_WHAT TO WORK ON:_ Each line below from the one containing "9) car (669,300,760,322)" through the one containing "17) car (560,301,623,322)" is to be given again exactly, and no line outside that span.
EXERCISE INPUT section start
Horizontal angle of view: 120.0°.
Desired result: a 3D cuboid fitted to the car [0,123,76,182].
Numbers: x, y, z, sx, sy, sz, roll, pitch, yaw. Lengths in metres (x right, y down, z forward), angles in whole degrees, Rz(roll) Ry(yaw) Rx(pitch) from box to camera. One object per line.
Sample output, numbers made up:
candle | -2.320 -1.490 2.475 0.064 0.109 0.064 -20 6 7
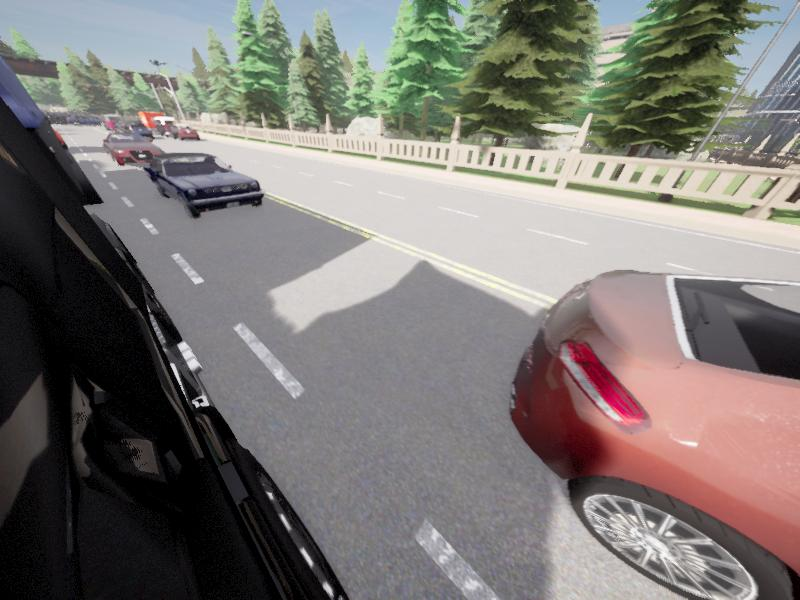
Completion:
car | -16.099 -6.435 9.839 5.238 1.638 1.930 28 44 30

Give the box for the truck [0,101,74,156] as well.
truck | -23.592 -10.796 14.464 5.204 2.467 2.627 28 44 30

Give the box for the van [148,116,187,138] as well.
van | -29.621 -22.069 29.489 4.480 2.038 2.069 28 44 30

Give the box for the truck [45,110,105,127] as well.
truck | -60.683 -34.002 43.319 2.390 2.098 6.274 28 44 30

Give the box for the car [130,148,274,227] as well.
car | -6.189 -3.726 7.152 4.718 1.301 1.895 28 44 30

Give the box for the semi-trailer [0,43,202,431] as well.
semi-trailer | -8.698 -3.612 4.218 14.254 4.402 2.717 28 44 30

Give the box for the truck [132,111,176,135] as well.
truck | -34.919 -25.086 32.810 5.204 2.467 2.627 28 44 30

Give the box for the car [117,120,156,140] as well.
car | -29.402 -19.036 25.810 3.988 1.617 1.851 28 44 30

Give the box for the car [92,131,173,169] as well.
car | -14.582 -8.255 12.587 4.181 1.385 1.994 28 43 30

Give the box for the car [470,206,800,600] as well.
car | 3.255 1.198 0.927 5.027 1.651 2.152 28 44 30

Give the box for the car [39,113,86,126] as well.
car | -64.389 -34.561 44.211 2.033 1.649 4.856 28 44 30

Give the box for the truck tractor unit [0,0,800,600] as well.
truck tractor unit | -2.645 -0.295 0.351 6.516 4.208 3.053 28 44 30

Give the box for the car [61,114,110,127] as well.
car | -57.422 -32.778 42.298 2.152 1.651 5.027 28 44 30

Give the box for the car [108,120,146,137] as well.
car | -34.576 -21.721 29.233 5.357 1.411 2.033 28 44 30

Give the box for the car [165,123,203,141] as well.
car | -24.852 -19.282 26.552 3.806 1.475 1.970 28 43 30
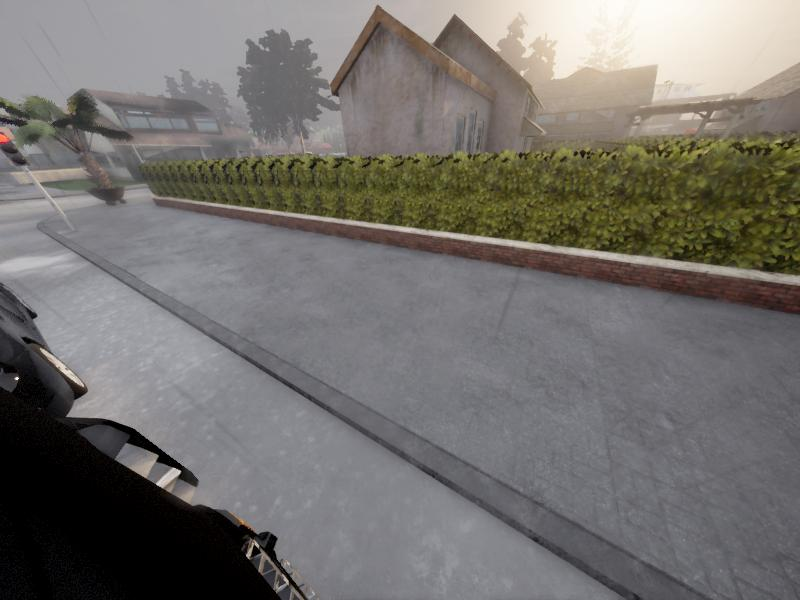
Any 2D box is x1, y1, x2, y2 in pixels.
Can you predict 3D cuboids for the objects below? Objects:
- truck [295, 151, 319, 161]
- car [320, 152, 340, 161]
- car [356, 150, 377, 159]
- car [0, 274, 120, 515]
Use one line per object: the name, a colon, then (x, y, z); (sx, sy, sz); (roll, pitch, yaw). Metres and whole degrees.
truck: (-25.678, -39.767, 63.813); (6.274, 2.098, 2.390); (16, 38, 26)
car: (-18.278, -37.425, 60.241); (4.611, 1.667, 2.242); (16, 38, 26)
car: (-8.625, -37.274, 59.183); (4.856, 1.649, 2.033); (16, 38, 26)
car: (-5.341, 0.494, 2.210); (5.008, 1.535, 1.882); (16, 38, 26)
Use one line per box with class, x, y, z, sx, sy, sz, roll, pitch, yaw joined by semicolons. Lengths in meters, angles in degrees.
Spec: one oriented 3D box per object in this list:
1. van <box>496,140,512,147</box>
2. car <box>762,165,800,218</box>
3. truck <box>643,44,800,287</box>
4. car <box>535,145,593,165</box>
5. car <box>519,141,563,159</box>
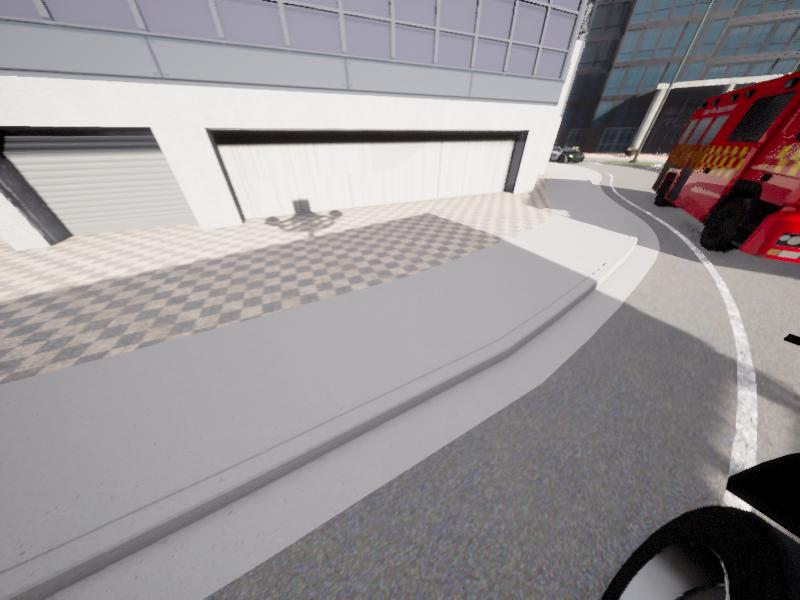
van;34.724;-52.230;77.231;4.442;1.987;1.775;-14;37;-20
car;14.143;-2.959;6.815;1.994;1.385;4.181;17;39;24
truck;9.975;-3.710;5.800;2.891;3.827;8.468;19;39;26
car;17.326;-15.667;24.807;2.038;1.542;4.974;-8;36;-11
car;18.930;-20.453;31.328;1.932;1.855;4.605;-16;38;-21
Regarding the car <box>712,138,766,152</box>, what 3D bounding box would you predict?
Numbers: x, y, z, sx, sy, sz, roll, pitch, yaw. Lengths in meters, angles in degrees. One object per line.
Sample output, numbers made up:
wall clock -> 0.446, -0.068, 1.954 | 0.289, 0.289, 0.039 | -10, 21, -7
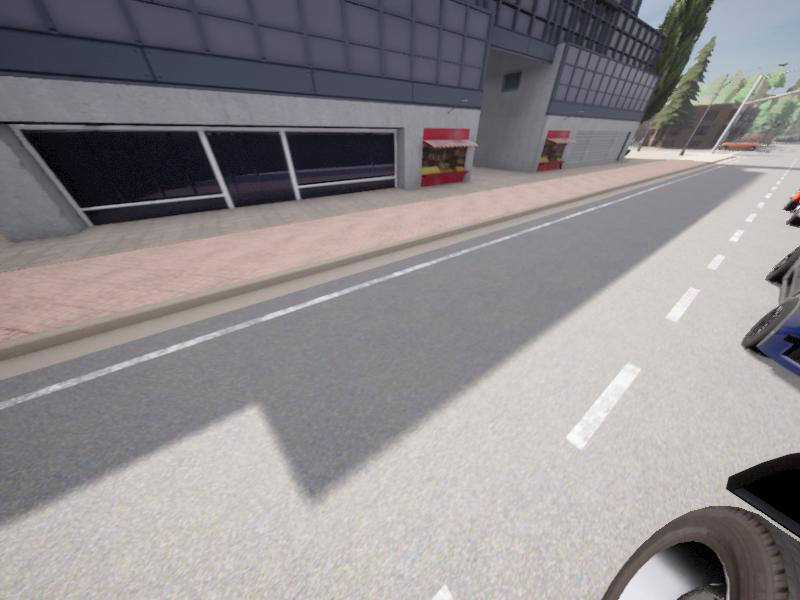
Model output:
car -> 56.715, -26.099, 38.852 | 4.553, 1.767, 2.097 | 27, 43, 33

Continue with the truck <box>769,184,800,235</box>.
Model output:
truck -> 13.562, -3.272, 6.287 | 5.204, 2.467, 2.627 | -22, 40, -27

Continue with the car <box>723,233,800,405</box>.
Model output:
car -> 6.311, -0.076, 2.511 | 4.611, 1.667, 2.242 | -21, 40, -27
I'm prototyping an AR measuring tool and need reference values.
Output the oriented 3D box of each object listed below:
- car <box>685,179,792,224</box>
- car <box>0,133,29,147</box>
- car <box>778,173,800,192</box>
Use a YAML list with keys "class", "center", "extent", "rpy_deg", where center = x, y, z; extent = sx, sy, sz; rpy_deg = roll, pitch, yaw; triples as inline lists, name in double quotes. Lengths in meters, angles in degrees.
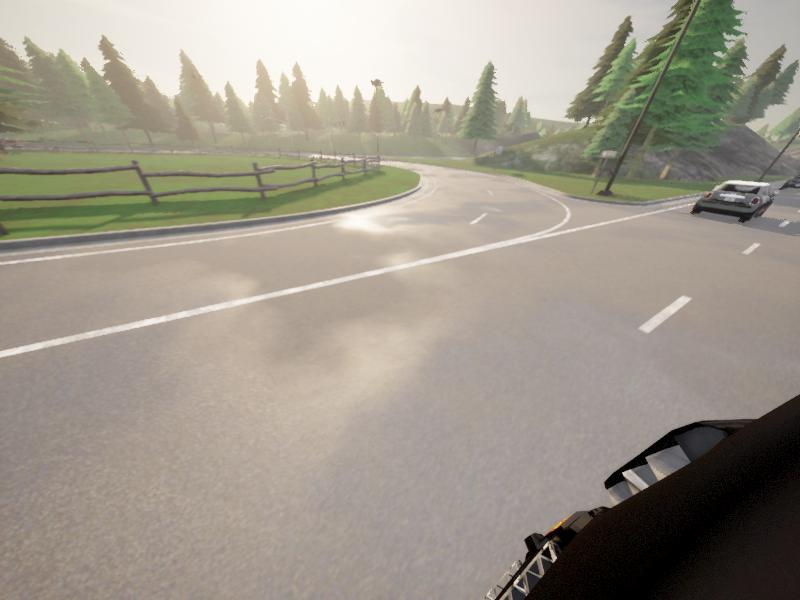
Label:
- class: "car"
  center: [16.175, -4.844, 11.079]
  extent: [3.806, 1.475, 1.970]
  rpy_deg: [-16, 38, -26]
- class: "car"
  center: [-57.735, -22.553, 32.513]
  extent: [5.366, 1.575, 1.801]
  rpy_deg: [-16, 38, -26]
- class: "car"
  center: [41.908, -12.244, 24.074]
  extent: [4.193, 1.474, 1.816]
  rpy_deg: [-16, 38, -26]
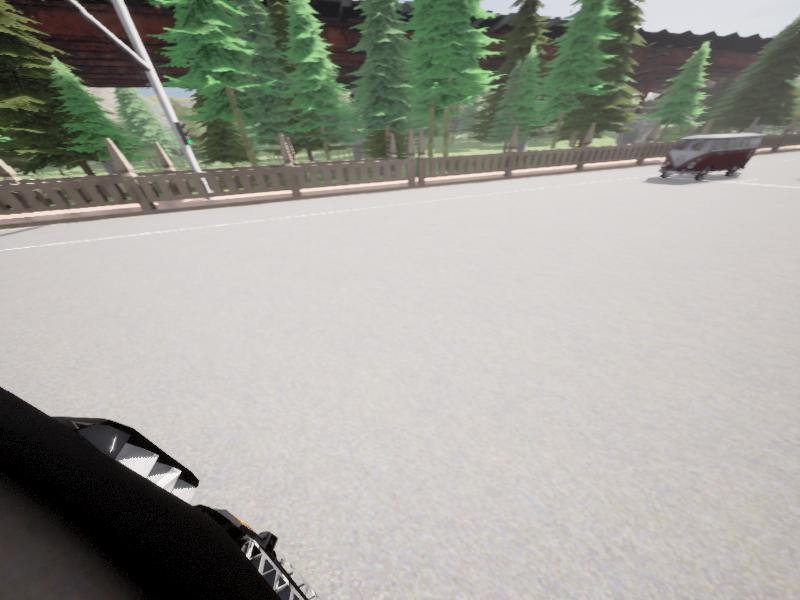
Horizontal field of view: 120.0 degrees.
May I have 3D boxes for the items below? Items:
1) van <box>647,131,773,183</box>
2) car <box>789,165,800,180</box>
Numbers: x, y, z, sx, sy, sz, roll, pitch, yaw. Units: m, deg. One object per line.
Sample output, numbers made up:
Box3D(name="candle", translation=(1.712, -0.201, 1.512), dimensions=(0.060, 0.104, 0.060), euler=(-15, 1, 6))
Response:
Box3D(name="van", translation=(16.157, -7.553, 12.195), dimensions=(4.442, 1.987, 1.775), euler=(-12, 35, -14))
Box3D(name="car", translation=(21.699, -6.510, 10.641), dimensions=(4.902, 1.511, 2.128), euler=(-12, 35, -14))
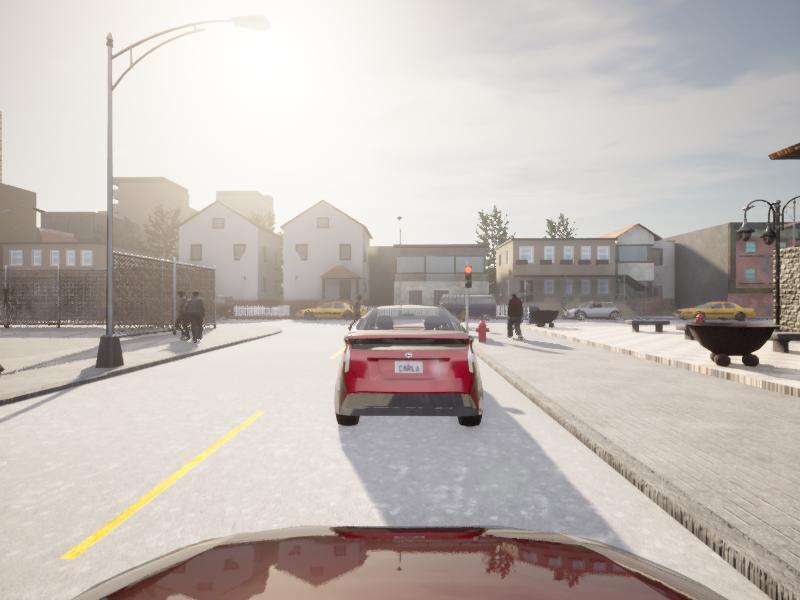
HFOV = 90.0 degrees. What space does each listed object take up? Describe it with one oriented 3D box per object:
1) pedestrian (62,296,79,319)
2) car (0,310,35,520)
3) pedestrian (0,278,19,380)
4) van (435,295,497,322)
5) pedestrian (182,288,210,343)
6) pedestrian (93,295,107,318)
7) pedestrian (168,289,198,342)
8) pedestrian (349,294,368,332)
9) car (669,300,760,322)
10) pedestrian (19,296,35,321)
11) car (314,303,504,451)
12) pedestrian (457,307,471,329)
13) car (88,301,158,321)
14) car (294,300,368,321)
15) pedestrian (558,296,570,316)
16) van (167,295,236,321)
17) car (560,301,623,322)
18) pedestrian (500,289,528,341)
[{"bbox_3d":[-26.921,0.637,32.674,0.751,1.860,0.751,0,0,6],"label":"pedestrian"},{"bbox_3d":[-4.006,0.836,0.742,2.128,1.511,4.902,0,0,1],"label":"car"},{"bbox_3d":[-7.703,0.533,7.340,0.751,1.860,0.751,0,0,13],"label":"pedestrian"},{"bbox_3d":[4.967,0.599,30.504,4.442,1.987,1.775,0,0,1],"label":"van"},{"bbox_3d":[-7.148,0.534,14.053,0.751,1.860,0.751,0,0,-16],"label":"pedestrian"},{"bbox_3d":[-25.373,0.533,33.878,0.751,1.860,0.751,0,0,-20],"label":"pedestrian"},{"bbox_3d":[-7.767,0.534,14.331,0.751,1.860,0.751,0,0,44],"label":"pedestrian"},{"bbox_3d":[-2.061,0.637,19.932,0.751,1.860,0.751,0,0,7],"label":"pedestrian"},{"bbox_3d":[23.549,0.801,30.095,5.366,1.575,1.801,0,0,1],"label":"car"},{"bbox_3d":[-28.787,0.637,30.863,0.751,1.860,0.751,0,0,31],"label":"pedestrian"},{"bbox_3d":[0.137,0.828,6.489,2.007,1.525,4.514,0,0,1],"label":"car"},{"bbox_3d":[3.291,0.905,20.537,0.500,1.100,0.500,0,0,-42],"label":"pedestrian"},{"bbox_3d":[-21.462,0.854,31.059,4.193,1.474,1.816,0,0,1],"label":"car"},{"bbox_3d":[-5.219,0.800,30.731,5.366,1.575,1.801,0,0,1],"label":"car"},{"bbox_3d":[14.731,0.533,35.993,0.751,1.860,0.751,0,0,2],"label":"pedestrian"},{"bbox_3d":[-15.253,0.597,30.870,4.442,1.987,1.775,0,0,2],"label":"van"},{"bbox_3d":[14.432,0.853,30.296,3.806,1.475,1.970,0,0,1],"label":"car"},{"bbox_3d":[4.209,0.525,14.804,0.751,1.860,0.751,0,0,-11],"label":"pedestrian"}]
EXERCISE INPUT section end
_EXPECTED ANSWER:_
9) car (669,300,760,322)
10) pedestrian (19,296,35,321)
11) car (314,303,504,451)
12) pedestrian (457,307,471,329)
13) car (88,301,158,321)
14) car (294,300,368,321)
15) pedestrian (558,296,570,316)
16) van (167,295,236,321)
17) car (560,301,623,322)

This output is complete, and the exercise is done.